I wrote about TEDx Brussels the other week and bashed it a little for not inviting dialogue and criticism. I still enjoy the TED videos, there is a lot to take away from them, but it turns out that there is another problem. British writer Frank Swain revealed this week that the TED organisation – a not for profit – does not pay its speakers. In fact, it expressedly prohibits the independent TEDx-organisers to pay their speakers. Even if they wanted to, they can’t – it would be a breach of contract. Bear in mind that tickets to these events are pricey, the TEDx in Brussels was more than €100 and the core TED-events much more.
Of course, you could use the old visibility-argument – TED provides a great platform for speakers who want to get their message out. A lot of conferences don’t pay their speakers. On the other hand, this falls into an all-too-familiar pattern of Silicon Valley-philosophy where the content is always free and those who distribute it make the big bucks. Google is another example, making huge profits on selling ads against other people’s content in their search and other services.
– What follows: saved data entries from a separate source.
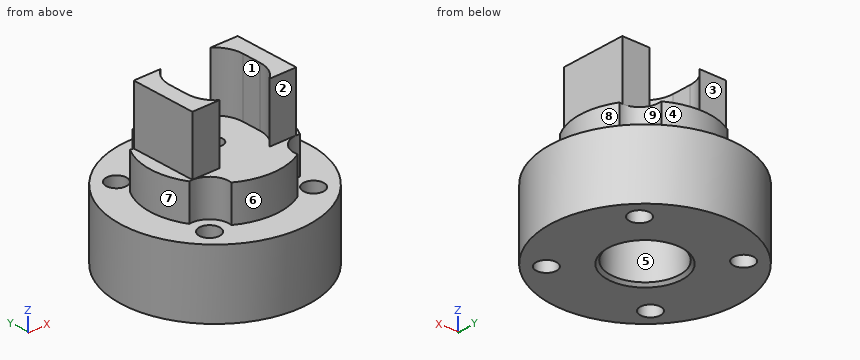
```python
from build123d import *

# Parameters (mm, degrees)
SKIZZE1_R                       = 6.7
AUFSATZ_LINEAR_AUSTRAGEN1_DEPTH = 3.75
SKIZZE1_7_R                     = 9.75
SKIZZE1_7_R_2                   = 3.55
AUFSATZ_LINEAR_AUSTRAGEN2_DEPTH = 7
SKIZZE5_R                       = 1.05
SCHNITT_LINEAR_AUSTRAGEN1_DEPTH = 11.75
SKIZZE5_3_R                     = 2
SKIZZE5_3_R_2                   = 1.05
SCHNITT_LINEAR_AUSTRAGEN2_DEPTH = 3.75
FASE1_SIZE                      = 0.3
AUFSATZ_LINEAR_AUSTRAGEN4_DEPTH = 6
M2_GEWINDEBOHRUNG1_D            = 1.6


with BuildPart() as part:
    # Skizze1 → Aufsatz-Linear austragen1 (new body)
    with BuildSketch(Plane.XY):
        Circle(SKIZZE1_R)
    extrude(amount=AUFSATZ_LINEAR_AUSTRAGEN1_DEPTH)

    # Skizze1<7> → Aufsatz-Linear austragen2 (add)
    with BuildSketch(Plane.XY):
        Circle(SKIZZE1_7_R)
        Circle(SKIZZE1_7_R_2, mode=Mode.SUBTRACT)
    extrude(amount=-AUFSATZ_LINEAR_AUSTRAGEN2_DEPTH)

    # Skizze5 → Schnitt-Linear austragen1 (cut, through all)
    with BuildSketch(Plane.XY.offset(3.75)):
        with Locations((5.409366876, 5.409366876)):
            Circle(SKIZZE5_R)
        with Locations((5.409366876, -5.409366876)):
            Circle(SKIZZE5_R)
        with Locations((-5.409366876, -5.409366876)):
            Circle(SKIZZE5_R)
        with Locations((-5.409366876, 5.409366876)):
            Circle(SKIZZE5_R)
    extrude(amount=-SCHNITT_LINEAR_AUSTRAGEN1_DEPTH, mode=Mode.SUBTRACT)

    # Skizze5<3> → Schnitt-Linear austragen2 (cut)
    with BuildSketch(Plane.XY.offset(3.75)):
        with Locations((-5.409366876, 5.409366876)):
            Circle(SKIZZE5_3_R)
        with Locations((-5.409366876, 5.409366876)):
            Circle(SKIZZE5_3_R_2, mode=Mode.SUBTRACT)
        with Locations((5.409366876, 5.409366876)):
            Circle(SKIZZE5_3_R)
        with Locations((5.409366876, 5.409366876)):
            Circle(SKIZZE5_3_R_2, mode=Mode.SUBTRACT)
        with Locations((5.409366876, -5.409366876)):
            Circle(SKIZZE5_3_R)
        with Locations((5.409366876, -5.409366876)):
            Circle(SKIZZE5_3_R_2, mode=Mode.SUBTRACT)
        with Locations((-5.409366876, -5.409366876)):
            Circle(SKIZZE5_3_R)
        with Locations((-5.409366876, -5.409366876)):
            Circle(SKIZZE5_3_R_2, mode=Mode.SUBTRACT)
    extrude(amount=-SCHNITT_LINEAR_AUSTRAGEN2_DEPTH, mode=Mode.SUBTRACT)

    # Fase1
    fase1_edges = [part.edges().sort_by_distance(p)[0] for p in [
        (-3.55, 0, -7),
    ]]
    chamfer(fase1_edges, length=FASE1_SIZE)

    # Skizze7 → Aufsatz-Linear austragen4 (add)
    with BuildSketch(Plane.XY.offset(3.75)):
        with BuildLine():
            Line((-5.4, 3.4), (-2.6, 3.4))
            ThreePointArc((-2.6, 3.4), (-3.483281573, 2.341640786), (-3.8, 1))
            Line((-3.8, 1), (-3.8, -1))
            ThreePointArc((-3.8, -1), (-3.483281573, -2.341640786), (-2.6, -3.4))
            Line((-2.6, -3.4), (-5.4, -3.4))
            Line((-5.4, -3.4), (-5.4, 3.4))
        make_face()
        with BuildLine():
            Line((5.4, -3.4), (2.6, -3.4))
            ThreePointArc((2.6, -3.4), (3.483281573, -2.341640786), (3.8, -1))
            Line((3.8, -1), (3.8, 1))
            ThreePointArc((3.8, 1), (3.483281573, 2.341640786), (2.6, 3.4))
            Line((2.6, 3.4), (5.4, 3.4))
            Line((5.4, 3.4), (5.4, -3.4))
        make_face()
    extrude(amount=AUFSATZ_LINEAR_AUSTRAGEN4_DEPTH)

    # M2 Gewindebohrung1 (through all)
    with Locations(Plane.XY.offset(3.75)):
        with Locations((0, 0)):
            Hole(M2_GEWINDEBOHRUNG1_D / 2)


solid = part.part
```
Can you work these out from the model? Positions are in its coordinate system, mm. Face numbers are marked on the shaded views. A direction names the side the tool comes from. Give positions to 0.01 mm unless a question says otherwise; leave off trailing zeros. Order: outer loops, then holes, each group sorted by start corner. A loop starts at its lowest first (then second) coordinate and runs counter-clockwise, first axis right, second up. Notation, with made-up numbers: (67.5, 0) - (87.5, 0) arc R22 cw to (87.5, 21) - close; hole circle Ø5 at (20.5, -1). An arc over 180 degrees is marked (long way). Use a Markdown table: item, result. Add a question column.
Q1. If we section it at C-C on y = 0: Write out the boundary of the cut face in (x, z).
Q2. I'm going to push flat-ended pins straight in: pin 1 (1.5 mm diameter, centred on y = -5.5, z = -2.5, fed in from +X); pin 2 (6 mm diameter, centred on x = 5, z = 3.5, fed in from +Y); pin 3 (2 mm diameter, centred on x = 4, z = 6, fed in from +Y). Where does each tip first touch, or does it pass through?
Q3. If we section it at A-A on z = 4.75: Write out the boundary of the cut face in (x, y).
Q4. If we mould it in two halves opening along X, with no side actions, what happens to the marked faces 6, 7, 8 and 9? For each: released by +X, released by -X, zero draft, split by the parting line, or undercut.
Q5. If we section it at B-B on x = 0: Write out the boundary of the cut face in (y, z), plus the area to 3 significant figures.
Q6. Please list where these lines run through material, in increasing order: line 1 along Z through (x, y) = (-2, 6.5); line 2 along Y through (x, z) = (0, -3.75); line 3 along Y through (x, z) = (5.25, 0.25).
Q7. If we section it at D-D on z = 0.75: Write out the boundary of the cut face in (x, y), plus the area to 3 significant figures.
Q8. On a 3-axis mill with a long thin cutter (end or side, diameter ignored), from which of +Z, -Z, +X, -X, +Y, -Y can I reach the whole of each face in a straight line? I mean the marked faces 1, 2, 3, 4 and 5. Say none if no direction works.
Answers follow:
| question | item | result |
|---|---|---|
| 1 | outline | (-9.75, -7) - (-3.85, -7) - (-3.55, -6.7) - (-3.55, 0) - (-0.8, 0) - (-0.8, 3.75) - (-3.8, 3.75) - (-3.8, 9.75) - (-5.4, 9.75) - (-5.4, 3.75) - (-6.7, 3.75) - (-6.7, 0) - (-9.75, 0) - close; (0.8, 0) - (3.55, 0) - (3.55, -6.7) - (3.85, -7) - (9.75, -7) - (9.75, 0) - (6.7, 0) - (6.7, 3.75) - (5.4, 3.75) - (5.4, 9.75) - (3.8, 9.75) - (3.8, 3.75) - (0.8, 3.75) - close |
| 2 | pin 1 | stops at x = 8.51 |
| 2 | pin 2 | stops at y = 6.39 |
| 2 | pin 3 | stops at y = 3.4 |
| 3 | outline | (-5.4, -3.4) - (-2.6, -3.4) arc R3 cw to (-3.8, -1) - (-3.8, 1) arc R3 cw to (-2.6, 3.4) - (-5.4, 3.4) - close; (2.6, -3.4) - (5.4, -3.4) - (5.4, 3.4) - (2.6, 3.4) arc R3 cw to (3.8, 1) - (3.8, -1) arc R3 cw to start |
| 4 | face 6 | split by the parting line |
| 4 | face 7 | released by -X |
| 4 | face 8 | released by +X |
| 4 | face 9 | undercut |
| 5 | outline | (-9.75, -7) - (-3.85, -7) - (-3.55, -6.7) - (-3.55, 0) - (-0.8, 0) - (-0.8, 3.75) - (-6.7, 3.75) - (-6.7, 0) - (-9.75, 0) - close; (0.8, 0) - (3.55, 0) - (3.55, -6.7) - (3.85, -7) - (9.75, -7) - (9.75, 0) - (6.7, 0) - (6.7, 3.75) - (0.8, 3.75) - close |
| 5 | area | 131 mm^2 |
| 6 | line 1 | z = -7 to 0 |
| 6 | line 2 | y = -9.75 to -3.55, 3.55 to 9.75 |
| 6 | line 3 | y = -3.42 to 3.42 |
| 7 | outline | (-5.75, -3.44) arc R2 cw to (-3.44, -5.75) arc R6.7 ccw to (3.44, -5.75) arc R2 cw to (5.75, -3.44) arc R6.7 ccw to (5.75, 3.44) arc R2 cw to (3.44, 5.75) arc R6.7 ccw to (-3.44, 5.75) arc R2 cw to (-5.75, 3.44) arc R6.7 ccw to start; hole circle Ø1.6 at (0, 0) |
| 7 | area | 129 mm^2 |
| 8 | face 1 | +Z |
| 8 | face 2 | +Z, +X, -X, -Y |
| 8 | face 3 | +Z, +X, -X, +Y |
| 8 | face 4 | +Z, +Y |
| 8 | face 5 | -Z |

Sure, you could argue that they bring traffic to other websites, but the pattern remains: Google curates the content (through algorithms for the most part), sells ads against it and effectively takes revenue from for example traditional media who used to make ad profits from the same content that Google now exploits.
In his 2011 book “Free Ride” (Doubleday), US author Robert Levine – formerly editor at Wired magazine and editor-in-chief of Billboard –makes a convincing case that digital technology shifts revenue from producers of media content to new intermediaries. The methods are different – broadband carriers make money from movie file-sharing (by selling more expensive plans), hardware manufacturers like Tivo sell on the promise of cutting out TV ads, aggregators like Huffington Post build their business on content from other media, and so on. Swain reveals that this pattern is not limited to digital distribution, adding TED talks to the list of free-riders.
Our economy increasingly relies on production of intangibles. That means content must be valued more, not less, going forward. It’s the opposite of information wanting to be free.